🤖 AI Summary
This work addresses the limited certified robustness of existing natural language processing models against word substitution attacks, which typically account only for first-order sensitivity while neglecting second-order curvature information. To overcome this limitation, the authors propose Smoothed Growth Bound Tensors (S-GBT), a novel framework that incorporates quadratic terms of output variation into certified robustness analysis for the first time. By imposing element-wise constraints on the Hessian matrix, S-GBT constructs a second-order robustness bound and introduces a joint regularization term that simultaneously optimizes both first- and second-order sensitivities during training. Implemented on LSTM and CNN architectures, the method integrates Hessian-bound estimation and second-order Taylor expansion directly into the training objective. Experiments demonstrate that S-GBT achieves up to a 23.4% improvement in certified robust accuracy across multiple benchmark datasets while maintaining strong clean accuracy.
📝 Abstract
Despite recent progress in Natural Language Processing (NLP), models remain vulnerable to word substitution attacks. Most existing defenses focus on first order sensitivity and measure how much the output changes when the input is slightly perturbed. However, they ignore how this sensitivity evolves, which is described by curvature. When gradients vary sharply, models can still fail.
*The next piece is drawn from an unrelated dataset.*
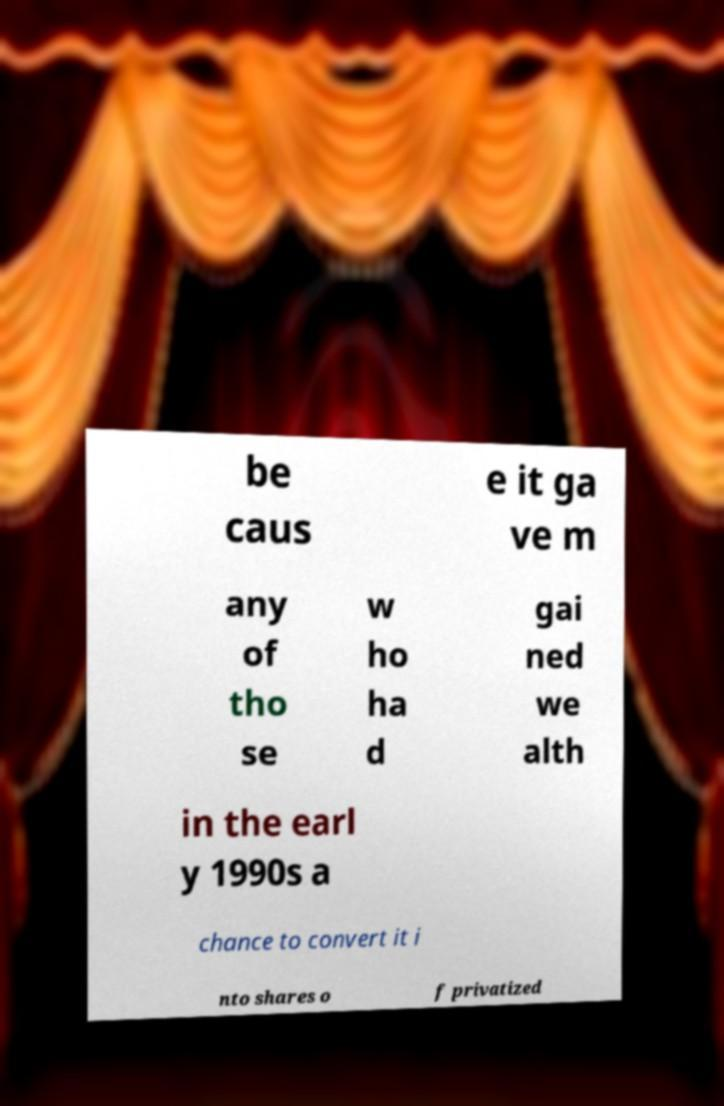For documentation purposes, I need the text within this image transcribed. Could you provide that? be caus e it ga ve m any of tho se w ho ha d gai ned we alth in the earl y 1990s a chance to convert it i nto shares o f privatized 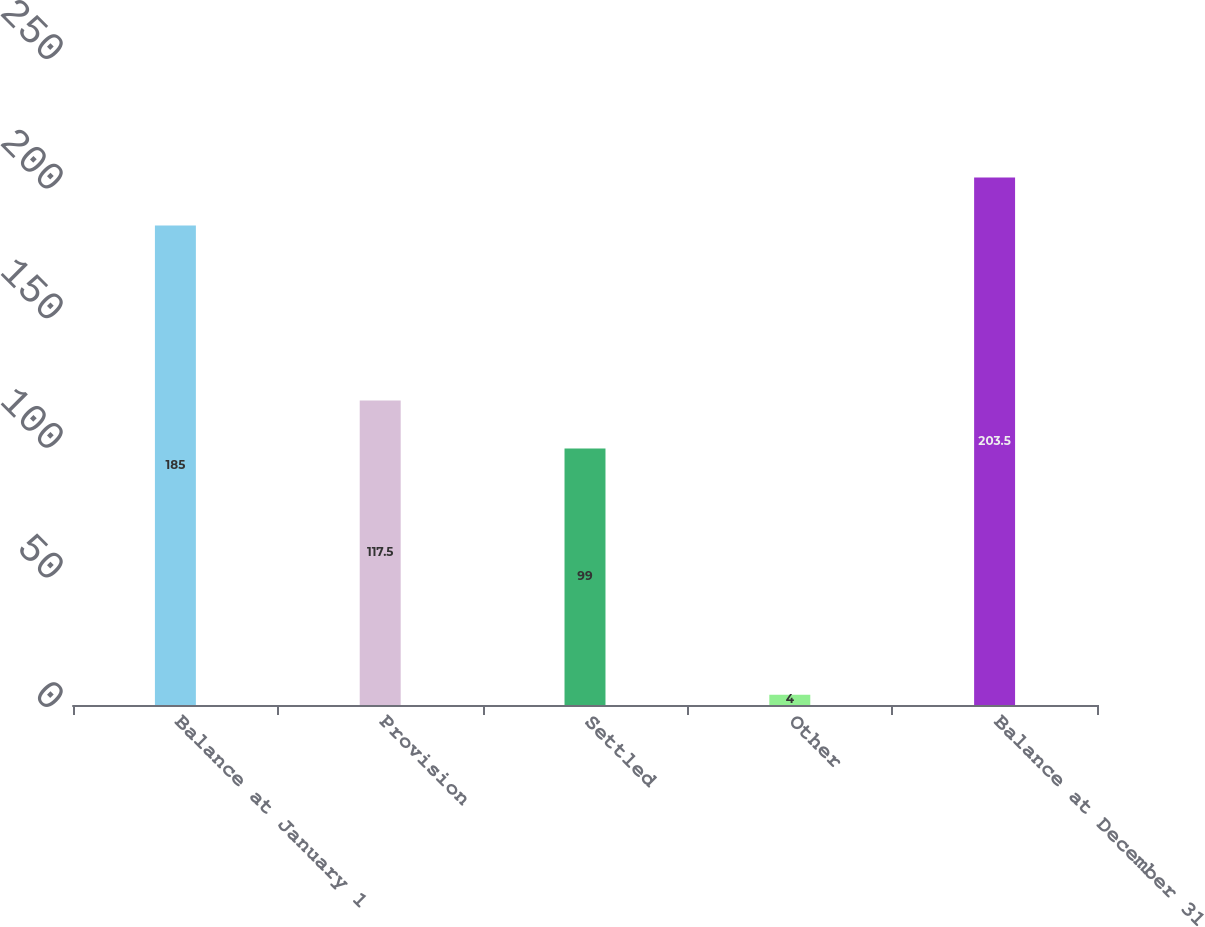<chart> <loc_0><loc_0><loc_500><loc_500><bar_chart><fcel>Balance at January 1<fcel>Provision<fcel>Settled<fcel>Other<fcel>Balance at December 31<nl><fcel>185<fcel>117.5<fcel>99<fcel>4<fcel>203.5<nl></chart> 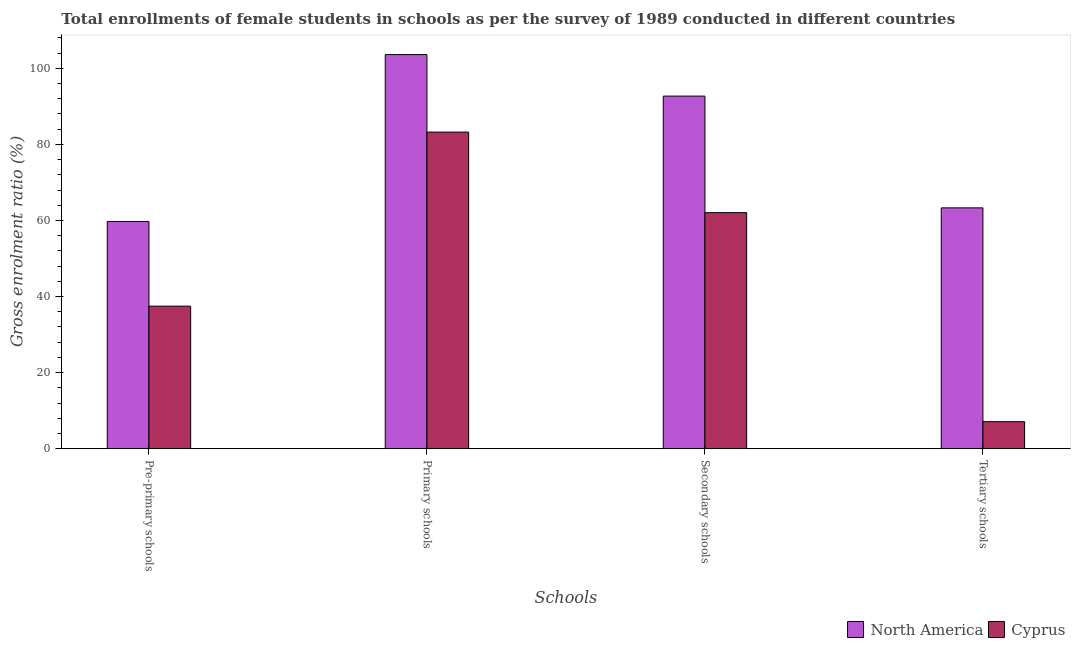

This paper introduces the Smooth Growth Bound Tensor (S-GBT), a second order method that bounds the Hessian element-wise, for which we provide formal theoretical proofs on the resulting robustness bounds. A regularization term is added during training to minimize these bounds. This yields tighter certified robustness against word substitution attacks. The change in the output under word substitution is bounded by both a linear term and a quadratic term. S-GBT is derived for two architectures: Long Short-Term Memory (LSTM) and Convolutional Neural Networks (CNN). The method is integrated directly into the training objective. Its effectiveness is evaluated on multiple benchmark datasets. The results show that combining first and second order regularization improves certified robust accuracy by up to 23.4% compared to prior methods, while clean accuracy remains competitive. These findings indicate that controlling both the gradient and its variation is a promising direction for building more robust models.